研究Dehydrogenase/Reductase 2(DHRS2)的表現與尿路上皮癌預後之相關性
吳奕儒1、李威明1,2,3、徐偉齊2、林慧惠1,2、吳文正1,2,4、柯宏龍1,2,4,5
高雄醫學大學附設醫院泌尿部1; 高雄醫學大學泌尿學科2;
衛生福利部屏東醫院泌尿科3; 高雄醫學大學醫學研究所4;大同醫院泌尿科5
Decreased Dehydrogenase/Reductase 2(DHRS2) Expression is Associated with Poor Prognosis in Urothelial Carcinoma Patients
Yi-Ru Wu1, Wei-Ming Li 1,2,3, Wei-Chi Hsu 2, Hui-Hui Lin 1,2, Wen-Jeng Wu 1,2,4, Hung-Lung Ke1,2,4,5
1Department of Urology, Kaohsiung Medical University Hospital, Kaohsiung, Taiwan.
2 Department of Urology, School of Medicine, College of Medicine, Kaohsiung Medical University, Kaohsiung, Taiwan.
3 Department of Urology, Ministry of Health and Welfare Pingtung Hospital, Pingtung, Taiwan.

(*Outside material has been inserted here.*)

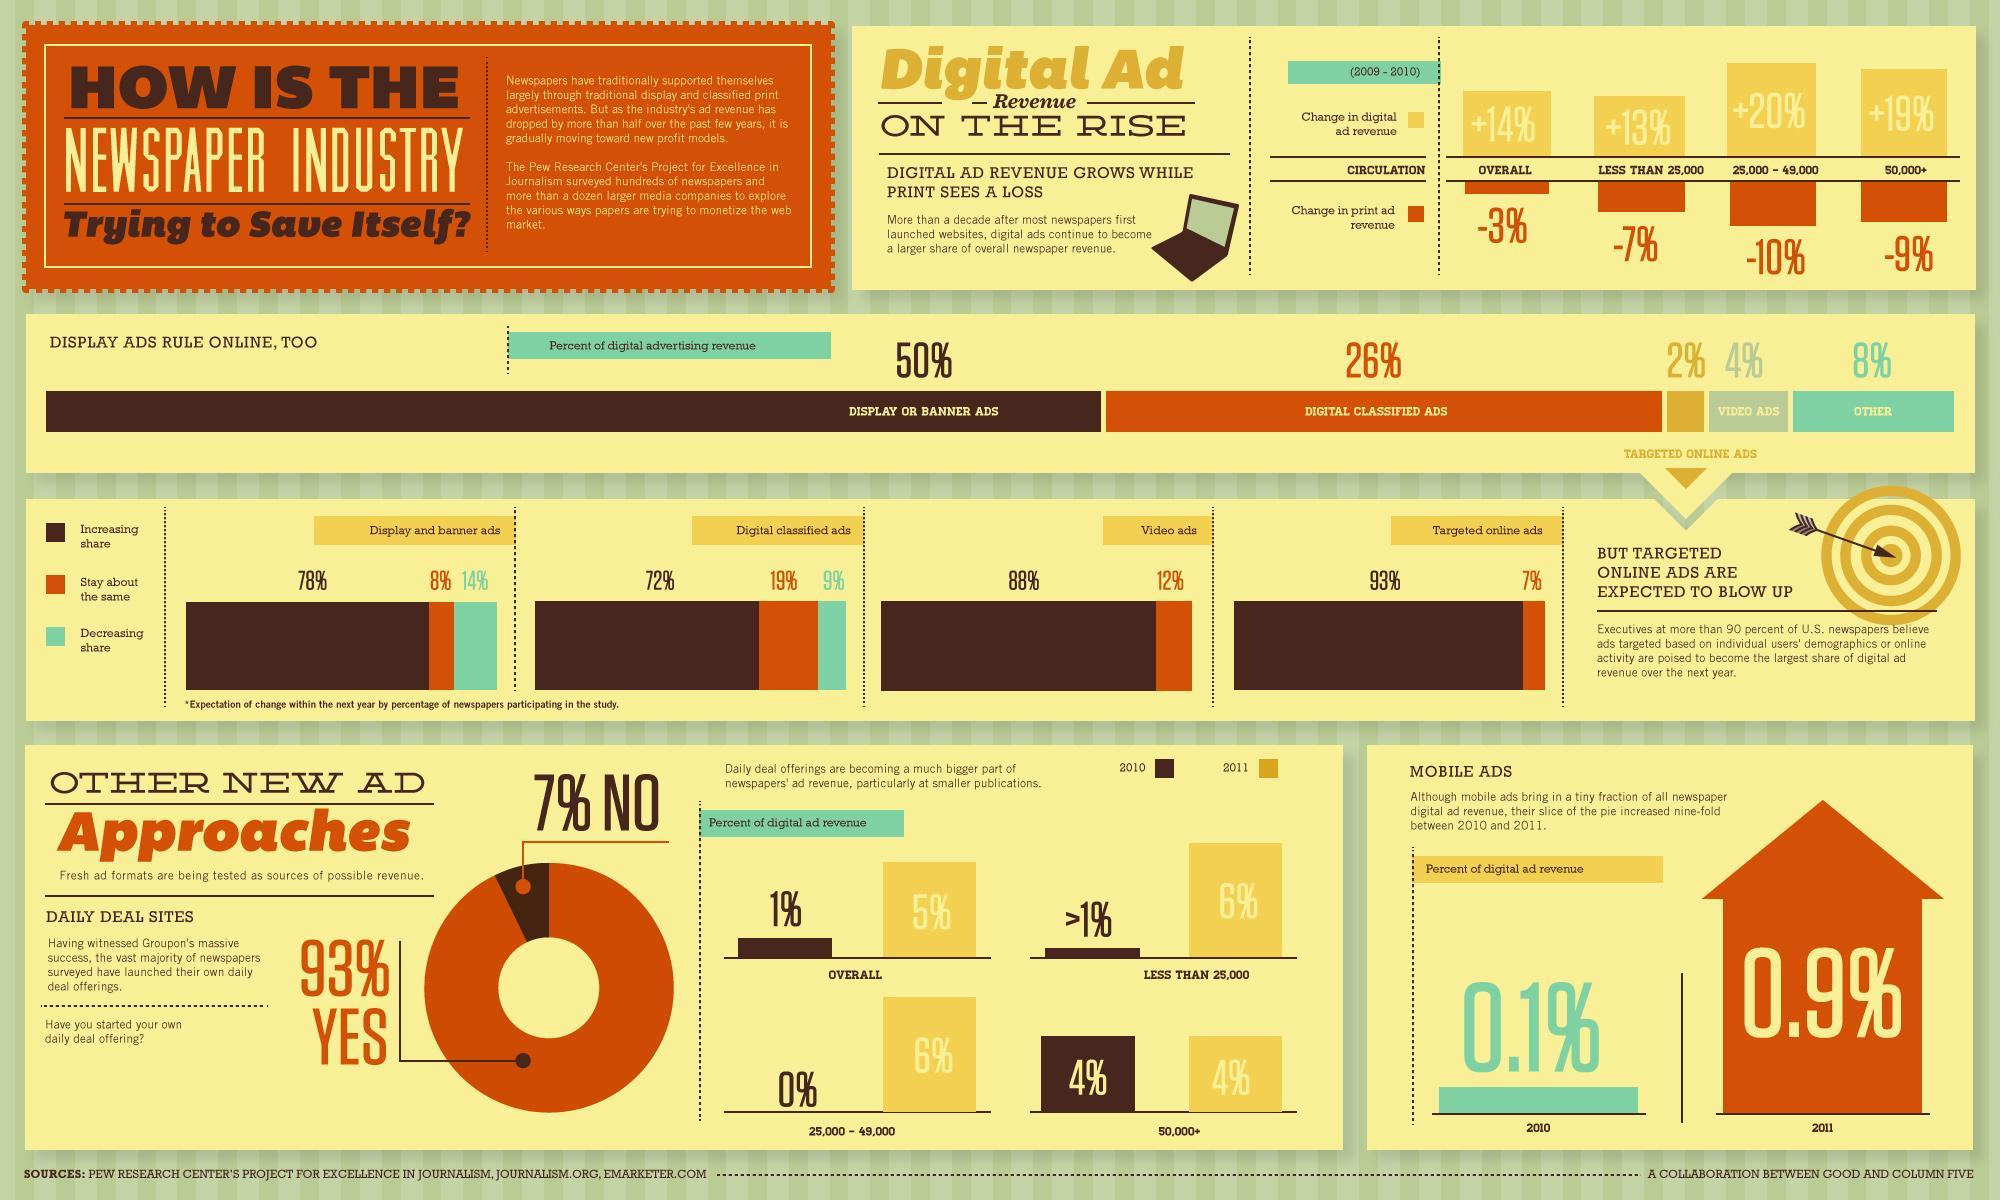What percentage increase is expected in the share of display & banner ads within the next year according to the study?
Answer the question with a short phrase. 78% What percentage decrease is expected in the share of digital classified ads within the next year according to the study? 9% What is the overall change in the digital ad revenue during 2009-2010? +14% What is the overall percent contribution of digital ad revenue in 2010? 1% What is the overall percent contribution of digital ad revenue in online newspapers in 2011? 5% What percentage of revenue is contributed by digital classified Ads in the online newspaper industry? 26% What percent of newspapers agreed that they have started their own daily deal offerings according to the survey? 93% What percentage of revenue is contributed by mobile ads in 2011? 0.9% What percentage of digital advertising revenue is contributed by video ads? 4% Which type of digital advertising contributes to the major part of revenue in the online newspaper industry? DISPLAY ADS 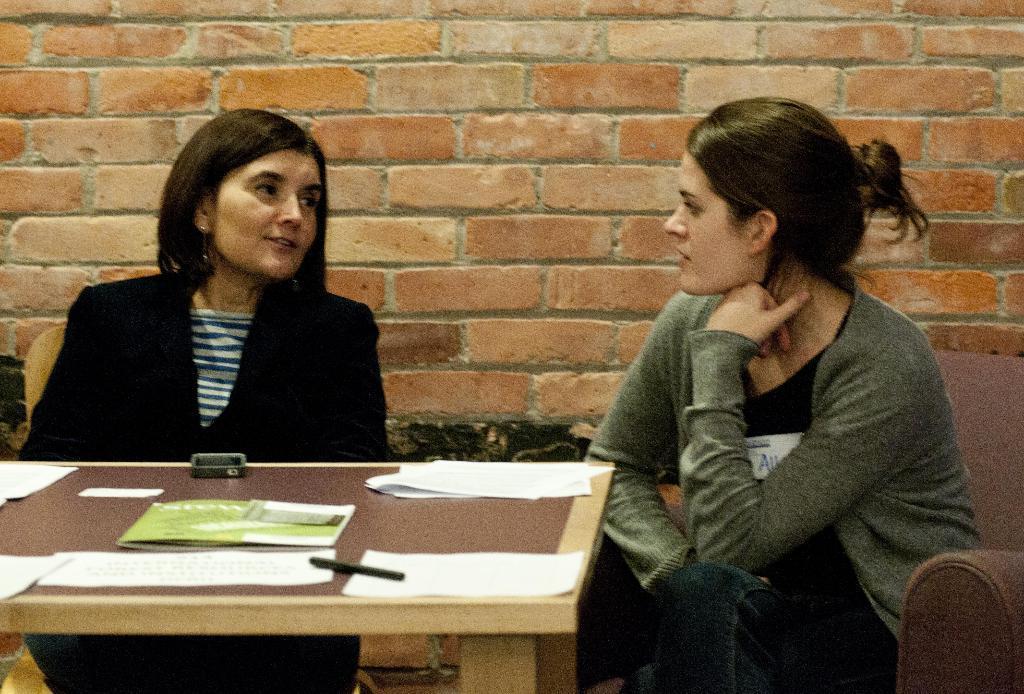How would you summarize this image in a sentence or two? In this image on left a lady wearing sweater sitting beside a lady wearing black coat. In front of her on a table there are papers,pen. In the background there is wall.

4 Graduate Institute of Medicine, College of Medicine, Kaohsiung Medical University, Kaohsiung, Taiwan.
5 Department of Urology, Kaohsiung Municipal Ta-Tung Hospital, Kaohsiung, Taiwan.
Abstract
Purpose: Dehydrogenase/Reductase 2(DHRS2) is a membrane of the short-chain dehydrogenases/reductases (SDR) superfamily and associates closely with inhibition of cell proliferation, migration and quiescence, as well as locus-specific deletion in several cancer types. However, the role of DHRS2 in Urothelial carcinoma (UC) has not been studied. In this research, we examined the clinical significance of DHRS2 expression in UC.

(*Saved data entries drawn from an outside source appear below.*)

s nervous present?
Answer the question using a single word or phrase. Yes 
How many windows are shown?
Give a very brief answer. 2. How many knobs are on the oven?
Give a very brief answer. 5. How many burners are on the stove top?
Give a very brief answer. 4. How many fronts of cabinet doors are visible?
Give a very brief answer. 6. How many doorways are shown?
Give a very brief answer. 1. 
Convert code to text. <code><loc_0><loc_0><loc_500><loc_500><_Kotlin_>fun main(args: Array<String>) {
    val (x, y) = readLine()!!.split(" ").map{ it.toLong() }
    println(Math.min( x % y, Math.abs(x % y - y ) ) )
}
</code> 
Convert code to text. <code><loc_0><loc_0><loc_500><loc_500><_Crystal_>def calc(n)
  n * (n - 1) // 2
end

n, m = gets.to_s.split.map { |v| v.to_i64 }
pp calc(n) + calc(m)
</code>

Materials and methods: 340 Upper tract urothelial carcinoma (UTUC) and 295 Bladder cancer (BC) cases were included in this study. DHRS2 expression was evaluated by immunohistochemistry and the association of DHRS2 expression with different clinicopathological variables was analyzed.

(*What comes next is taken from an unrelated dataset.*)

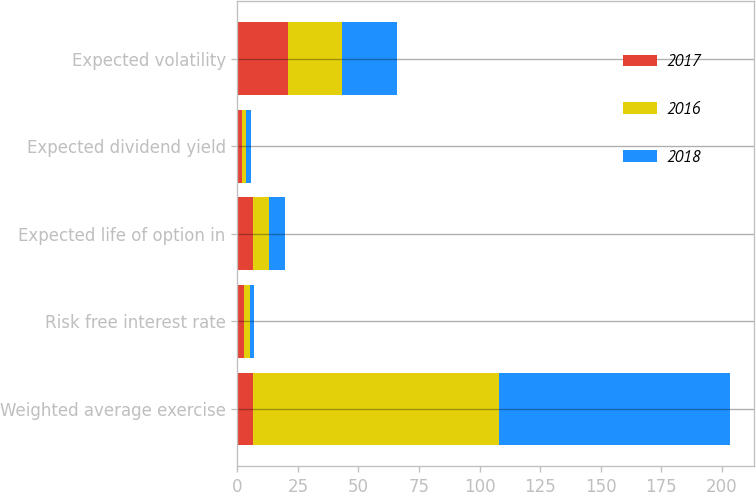<chart> <loc_0><loc_0><loc_500><loc_500><stacked_bar_chart><ecel><fcel>Weighted average exercise<fcel>Risk free interest rate<fcel>Expected life of option in<fcel>Expected dividend yield<fcel>Expected volatility<nl><fcel>2017<fcel>6.5<fcel>2.9<fcel>6.5<fcel>1.7<fcel>21<nl><fcel>2016<fcel>101.53<fcel>2.4<fcel>6.5<fcel>1.8<fcel>22<nl><fcel>2018<fcel>95.29<fcel>1.6<fcel>6.5<fcel>2.1<fcel>22.8<nl></chart> 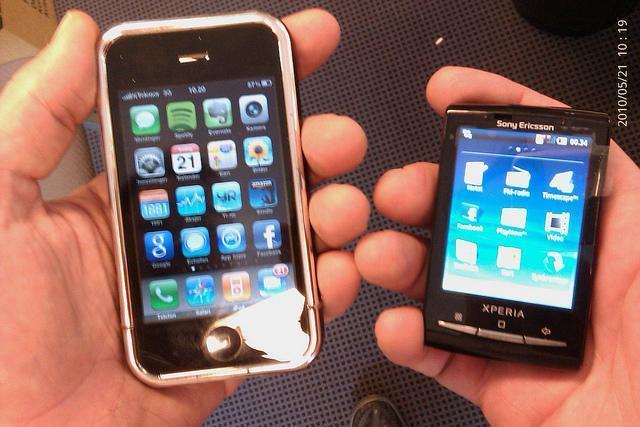How many people are there?
Give a very brief answer. 3. How many cell phones can you see?
Give a very brief answer. 2.

Results: Low DHRS2 expression was significantly associated with higher T stage (p<0.001, p=0.012), high grade (p=0.003, p=0.016), nodal metastasis (p<0.001, p<0.001), lymphovascular invasion (p<0.001, p=0.001) and perineural invasion (p=0.034, p=0.001) in both UTUC and BC cases. In the log-rank test, the low DHRS2 expression was associated with Disease-specific Survival (P<0.0001, P=0.0001) and Metastasis-free Survival (P<0.0001, P<0.0001) in UTUC and BC respectively. This finding was supported by our results using Cox regression analysis, which showed that low DHRS2 expression was an independent predictor of poor Disease-specific Survival (P =0.011, P =0.019) and Metastasis-free Survival (P =0.009, P<0.001) in UTUC and BC separately.
Conclusion: Our study found that DHRS2 is an important indicator of tumor suppressor function of UC progression. Investigating the biological significance and regulation pathway of DHRS2 might be a potential therapeutic target for UC treatment.